"Net Resilience Gain" concept proposed

Net Resllience Gain

Geneva - UN Special Representative of the Secretary-General for Disaster Risk Reduction Mami Mizutori has proposed the idea of a “net resilience gain” to match the “net zero” approach to greenhouse gas emissions.

The idea of “net resilience gain” would mimic the “net-zero” approach of not adding greenhouse gases into the atmosphere, by taking environmentally friendly measures, such as planting trees, to offset polluting activities.

“Ideally, everything has to be resilient. But while we try to reach that stage, can ‘net resilient’ thinking be possible?” Mizutori asked at a webinar hosted by the United Nations Office for Disaster Risk Reduction (UNDRR) last week titled  “Accelerating financing for climate and disaster risk prevention and de-risking investment”.

The UNDRR webinar was held against the backdrop of both increasingly frequent and intense global disasters, as well as delayed efforts by developed countries to deliver on a commitment to provide US$100 billion annually in climate finance to developing countries.  The Organisation for Economic Co-operation and Development (OECD) estimates that in 2018 there was a $20 billion shortfall.

There is also limited funding directed toward disaster preparedness. Between 2010-2019, developed countries donated $133 billion in disaster-related Official Development Assistance (ODA) but only $ 5.5 billion went toward measures to build resilience before disasters strike.

The virtual gathering brought together participants from Governments, Central Banks, lending institutions, institutional investors, and the private sector to share perspectives, highlight key challenges and present innovative solutions on both raising more preventative funds and de-risking investments.

Keynote speaker, Ms. Marsha Smith, the Minister of State in Jamaica’s Ministry of Finance and the Public Service, spoke to the country's use of an innovative type of catastrophe bond; these bonds buffer the fiscal shock of disaster by triggering payouts when different thresholds, or environmental markers, are reached.

“The government of Jamaica is now approaching disaster risk financing in a much more strategic and sustainable way via a layered approach that allows us to finance the emergency costs associated with natural disasters,” she said.

Speaking specifically about the challenges facing developing economies, Mr. Chris Papageorgiou, Chief of the Development Macroeconomics Division, International Monetary Fund, referenced not only the impact of individual disasters, but how climate change is slowly changing day-to -day realities.

According to Mr. Papageorgiou, despite loans and grants from international finance organizations, “there is still a major gap that needs to be closed by the private sector... It's really a call of urgency for both the IFIs and the private sector to coordinate better to close this gap.”
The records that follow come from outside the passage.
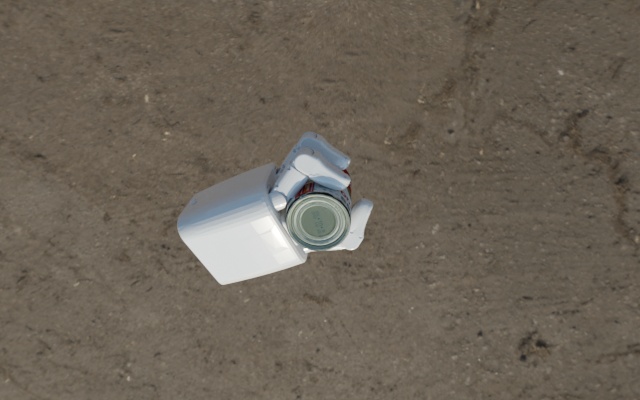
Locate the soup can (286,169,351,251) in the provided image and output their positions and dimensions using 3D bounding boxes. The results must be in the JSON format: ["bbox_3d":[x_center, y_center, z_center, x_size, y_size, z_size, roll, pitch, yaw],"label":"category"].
[{"bbox_3d":[0.001,0.002,0.522,0.068,0.068,0.102,0,24,3],"label":"soup can"}]
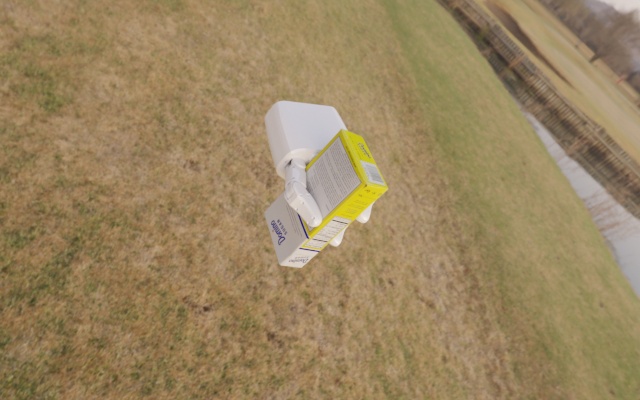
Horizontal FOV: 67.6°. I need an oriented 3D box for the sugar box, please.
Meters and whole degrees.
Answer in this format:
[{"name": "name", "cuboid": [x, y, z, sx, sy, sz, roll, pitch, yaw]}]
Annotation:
[{"name": "sugar box", "cuboid": [0.001, 0.002, 0.622, 0.048, 0.093, 0.176, 12, -46, -39]}]
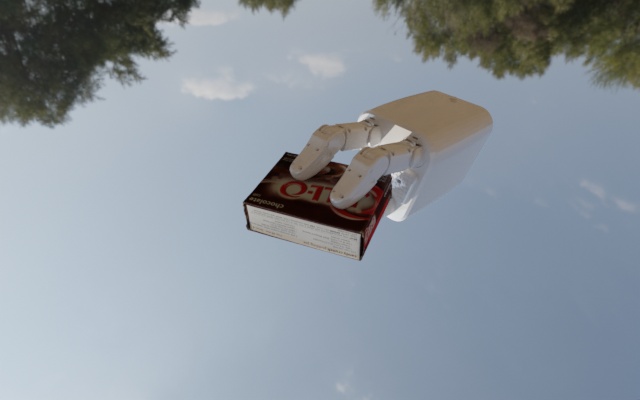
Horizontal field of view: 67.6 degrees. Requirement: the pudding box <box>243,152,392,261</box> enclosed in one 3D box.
[{"bbox_3d":[0.000,0.002,0.437,0.113,0.039,0.090,12,38,18],"label":"pudding box"}]
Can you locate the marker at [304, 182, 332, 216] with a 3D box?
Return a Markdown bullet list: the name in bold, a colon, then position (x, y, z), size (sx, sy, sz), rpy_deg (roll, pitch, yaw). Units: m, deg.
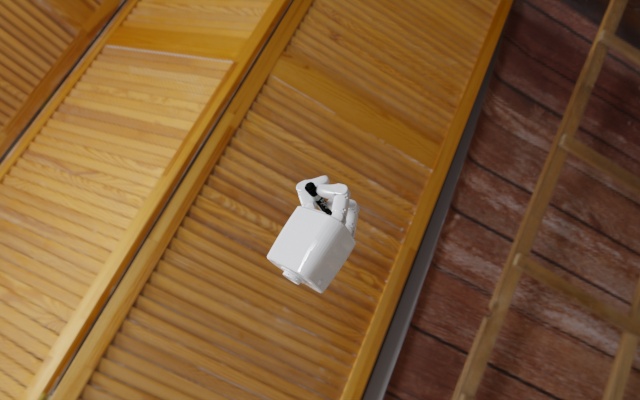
- **marker**: position (0.000, 0.003, 0.851), size (0.020, 0.020, 0.121), rpy_deg (0, -29, 22)
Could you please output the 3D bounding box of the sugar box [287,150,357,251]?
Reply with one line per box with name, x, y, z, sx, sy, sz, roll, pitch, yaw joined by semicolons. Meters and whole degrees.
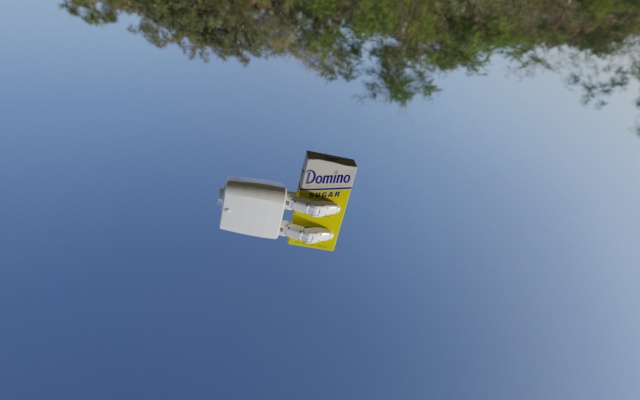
sugar box;0.000;0.003;0.881;0.093;0.176;0.048;9;26;-11
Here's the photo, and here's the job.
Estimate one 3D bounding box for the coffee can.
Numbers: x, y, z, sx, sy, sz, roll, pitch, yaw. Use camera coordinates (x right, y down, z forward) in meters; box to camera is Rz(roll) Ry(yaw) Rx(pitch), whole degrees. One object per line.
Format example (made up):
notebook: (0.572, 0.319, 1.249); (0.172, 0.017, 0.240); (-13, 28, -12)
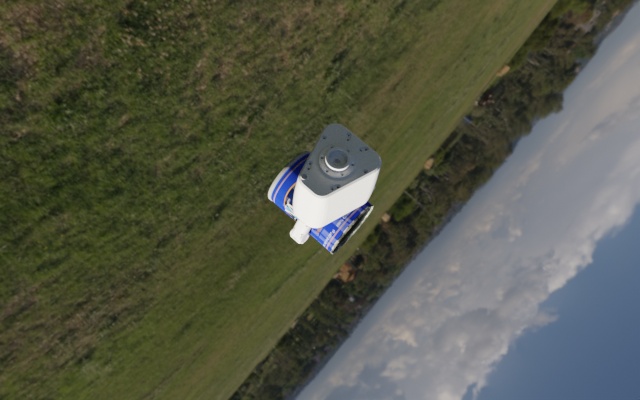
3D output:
coffee can: (0.000, 0.003, 0.775); (0.140, 0.103, 0.103); (41, 9, 11)
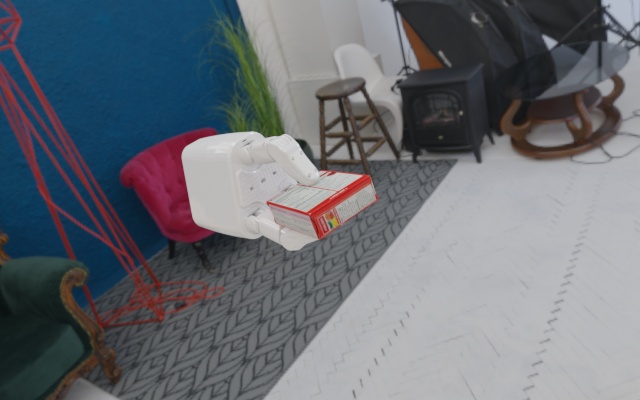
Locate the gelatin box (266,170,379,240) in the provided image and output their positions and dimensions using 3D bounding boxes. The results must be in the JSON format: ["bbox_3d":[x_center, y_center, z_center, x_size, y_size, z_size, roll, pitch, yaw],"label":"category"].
[{"bbox_3d":[0.000,0.001,0.463,0.073,0.030,0.089,-32,22,-25],"label":"gelatin box"}]
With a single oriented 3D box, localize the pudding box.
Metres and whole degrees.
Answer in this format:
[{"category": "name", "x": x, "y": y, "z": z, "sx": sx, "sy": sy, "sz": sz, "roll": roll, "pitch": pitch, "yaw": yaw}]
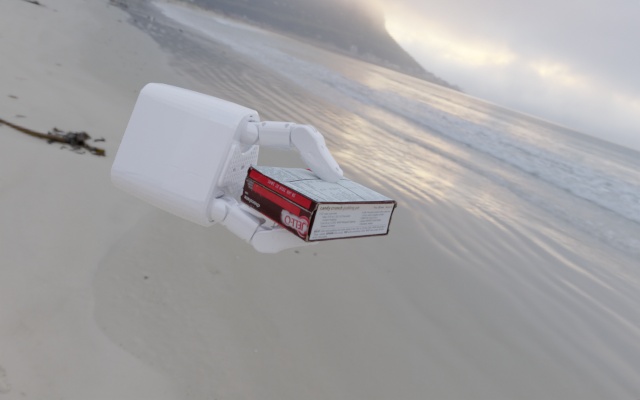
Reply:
[{"category": "pudding box", "x": 0.000, "y": 0.001, "z": 0.428, "sx": 0.113, "sy": 0.039, "sz": 0.090, "roll": -2, "pitch": 24, "yaw": -47}]
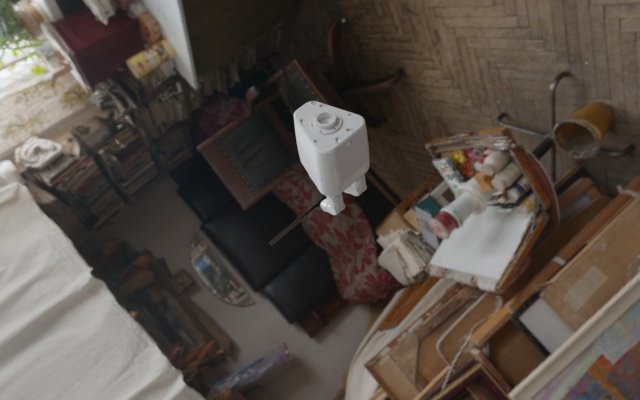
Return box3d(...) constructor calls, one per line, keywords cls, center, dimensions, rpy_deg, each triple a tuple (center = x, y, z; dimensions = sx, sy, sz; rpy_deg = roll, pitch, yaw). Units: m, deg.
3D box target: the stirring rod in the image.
box3d(cls="stirring rod", center=(0.000, 0.003, 0.849), dimensions=(0.239, 0.011, 0.011), rpy_deg=(-40, 15, -19))
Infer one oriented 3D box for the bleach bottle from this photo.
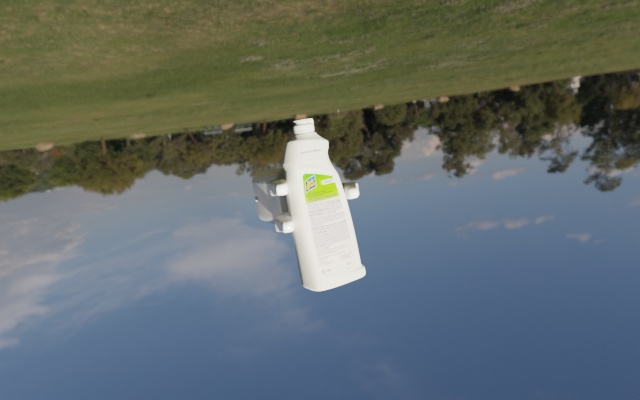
[{"bbox_3d":[0.000,0.002,0.722,0.102,0.251,0.068,-14,10,-31],"label":"bleach bottle"}]
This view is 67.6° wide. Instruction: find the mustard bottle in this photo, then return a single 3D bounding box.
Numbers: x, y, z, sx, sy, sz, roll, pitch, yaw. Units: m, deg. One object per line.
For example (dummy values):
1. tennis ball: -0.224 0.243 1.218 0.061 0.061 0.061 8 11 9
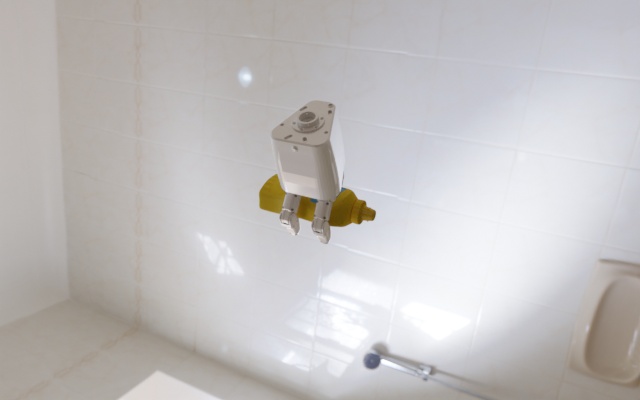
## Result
1. mustard bottle: 0.000 0.003 0.798 0.191 0.058 0.096 13 26 22

With multiple participants stressing the importance of private sector investment, Mr. Vikram Raju, Head of Climate Investing, Morgan Stanley Investment Management, mentioned a “cognitive dissonance”  regarding disaster risk investment in that businesses know disasters will interrupt their supply chains, but they don’t account for it accordingly.

Mr. Raju recommended the implementation of “disaster risk ratings” and for international organizations like the UN and the World Bank to create appropriate catalytic mechanisms that allow leveraging public sector money into investment opportunities that are commercial but generate a return in avoided disaster losses.

Mr. Francesco Mazzaferro, Head of the European Systemic Risk Board Secretariat, European Central Bank, attended the webinar to speak about developments within the EU. While progress has been slow due to many different countries with varying competencies, Mr. Mazzaferro, told participants that the EU now has a Commissioner for crisis management, who seeks to provide a common framework for risk assessment. Mr. Mazzaferro additionally referenced a “new directive on corporate sustainability reporting” which audits companies and mandates providing information on climate change mitigation and adaptation.

SRSG Mizutori made a final call for mainstreaming disaster risk reduction into investment decisions. “Every decision we make, either in the public sector or in the private sector has consequences. They will either reduce risk or increase risk. So that's what we need to do, mainstream disaster risk reduction into investment decisions,” she said.

 Increasing investment for disaster prevention is one of the key priorities of the Sendai Framework, UNDRR’s guiding document. The Sendai Framework was adopted in 2015 by 187 Member States, and complements other international agreements including the Sustainable Developments and the Paris Agreement on Climate Change. In 2023, a midterm review of the Sendai Framework will give stakeholders the opportunity to assess both gaps and achievements made.